A questo proposito, anche dopo Sanremo sui social sono comparsi moltissimi video di bambini che ballavano davanti la tv mentre lei si esibiva in bolero. Pensa mai all’effetto che ha sulla vita delle persone?
«Capita spesso che le persone mi dicano quanto una mia performance possa essere stata importante per loro, per me è bellissimo essere riuscito a comunicare qualcosa di unico, di bello e profondo. Mi piace pensare che sia così anche per molti ragazzi giovani che vedono un mio spettacolo dal vivo o in tv, affinché questo possa fungere da seme che un giorno sboccerà in qualcosa di bello. Per i video dopo Sanremo devo dire che è stato divertente, alcuni di questi bambini poi erano piccolissimi e da tutto il mondo, per me è un complimento enorme perché comprendi l’impatto di cui parlavamo prima, come possa arrivare poi a tutti».
Lei spesso si fa portavoce di problematiche relative al giusto riconoscimento che la danza necessita nel nostro paese e di come ci sia bisogno di avere delle vere e proprie regolamentazioni. Cosa si può fare?

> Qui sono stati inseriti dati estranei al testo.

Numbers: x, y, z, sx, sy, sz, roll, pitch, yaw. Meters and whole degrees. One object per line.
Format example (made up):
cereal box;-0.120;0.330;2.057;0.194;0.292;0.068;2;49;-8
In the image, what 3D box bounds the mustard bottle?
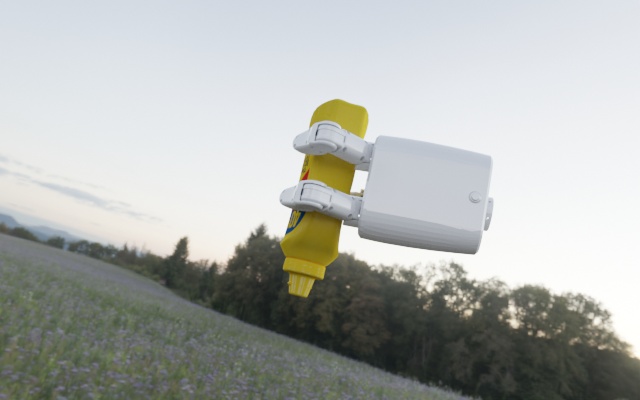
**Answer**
mustard bottle;0.000;0.001;0.483;0.058;0.191;0.096;16;-13;-12
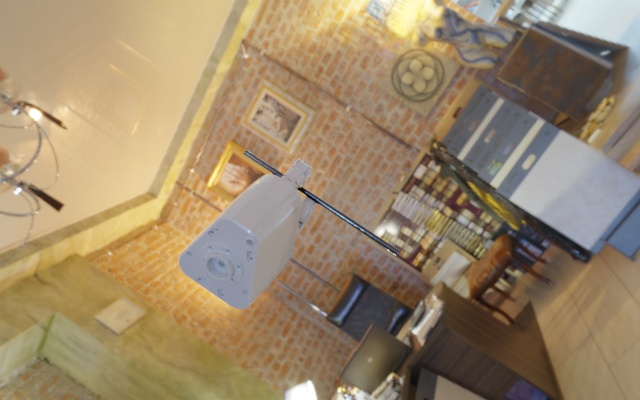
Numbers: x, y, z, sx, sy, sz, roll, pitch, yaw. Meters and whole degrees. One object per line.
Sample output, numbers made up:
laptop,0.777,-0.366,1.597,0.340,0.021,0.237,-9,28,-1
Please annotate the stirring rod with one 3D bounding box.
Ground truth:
stirring rod,0.000,0.002,0.627,0.239,0.011,0.011,33,2,4
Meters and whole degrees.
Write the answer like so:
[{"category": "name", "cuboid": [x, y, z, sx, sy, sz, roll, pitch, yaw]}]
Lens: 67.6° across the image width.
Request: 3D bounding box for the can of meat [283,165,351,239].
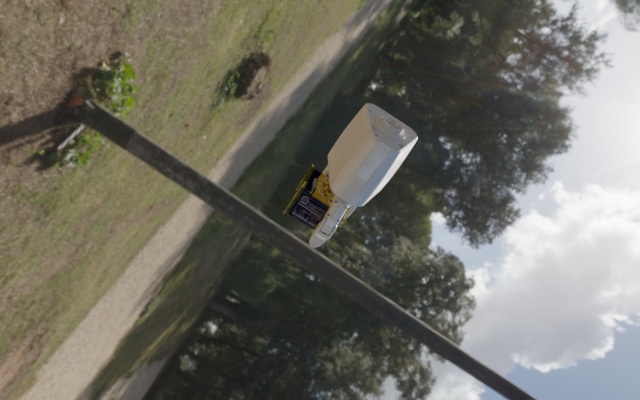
[{"category": "can of meat", "cuboid": [0.000, 0.003, 0.737, 0.084, 0.057, 0.102, 32, 31, -5]}]
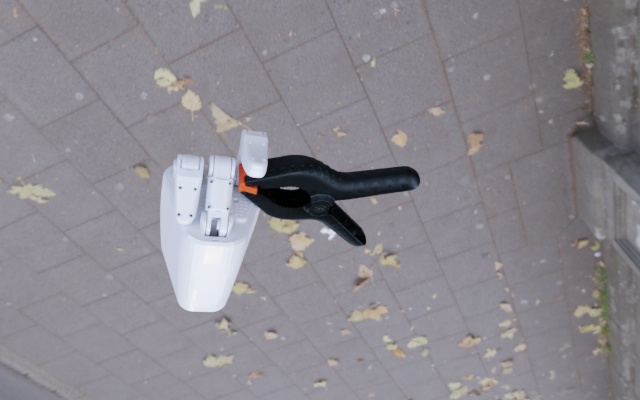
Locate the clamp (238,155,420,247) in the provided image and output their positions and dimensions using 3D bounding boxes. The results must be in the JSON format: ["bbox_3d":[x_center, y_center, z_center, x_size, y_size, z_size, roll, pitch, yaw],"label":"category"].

«Le condizioni che ci sono ora in Italia non favoriscono la danza, la penalizzano. Spesso nelle programmazioni dei teatri viene relegata all’ultimo posto, basti pensare a come negli ultimi anni i corpi di ballo in Italia si siano dimezzati, con relativa perdita di posti di lavoro oltretutto. Il problema è che spesso quando viene fatto il programma annuale l’opera e la stagione sinfonica occupano una posizione e il balletto un’altra. Questo avviene perché non si ha una cultura del ballo, chi ricopre la posizione di gestione dei teatri ama l’opera e i finanziamenti di conseguenza vanno lì. Non c’è un vero e proprio budget dedicato al balletto, è il teatro che decide come destinare il tutto e di certo il balletto arriva per ultimo. Bisognerebbe aiutare anche attraverso degli sgravi fiscali chi vuole investire nella nostra arte».
Avere un nome come il suo aiuta a farsi sentire?
«Certo, ma la questione riguarda migliaia di ballerini, di persone che amano la danza, e proprio per questo per me è importante farmi portavoce soprattutto per le giovani generazioni, così se le cose dovessero cambiare, i giovani talenti avranno uno spazio anche in Italia. La danza ha un valore enorme qui, è molto diffusa non solo a livello artistico, è un vero e proprio motore economico, ci sono molti più ragazzi che sognano di diventare ballerini e molte più scuole dedicate a questo che al diventare cantanti d’opera».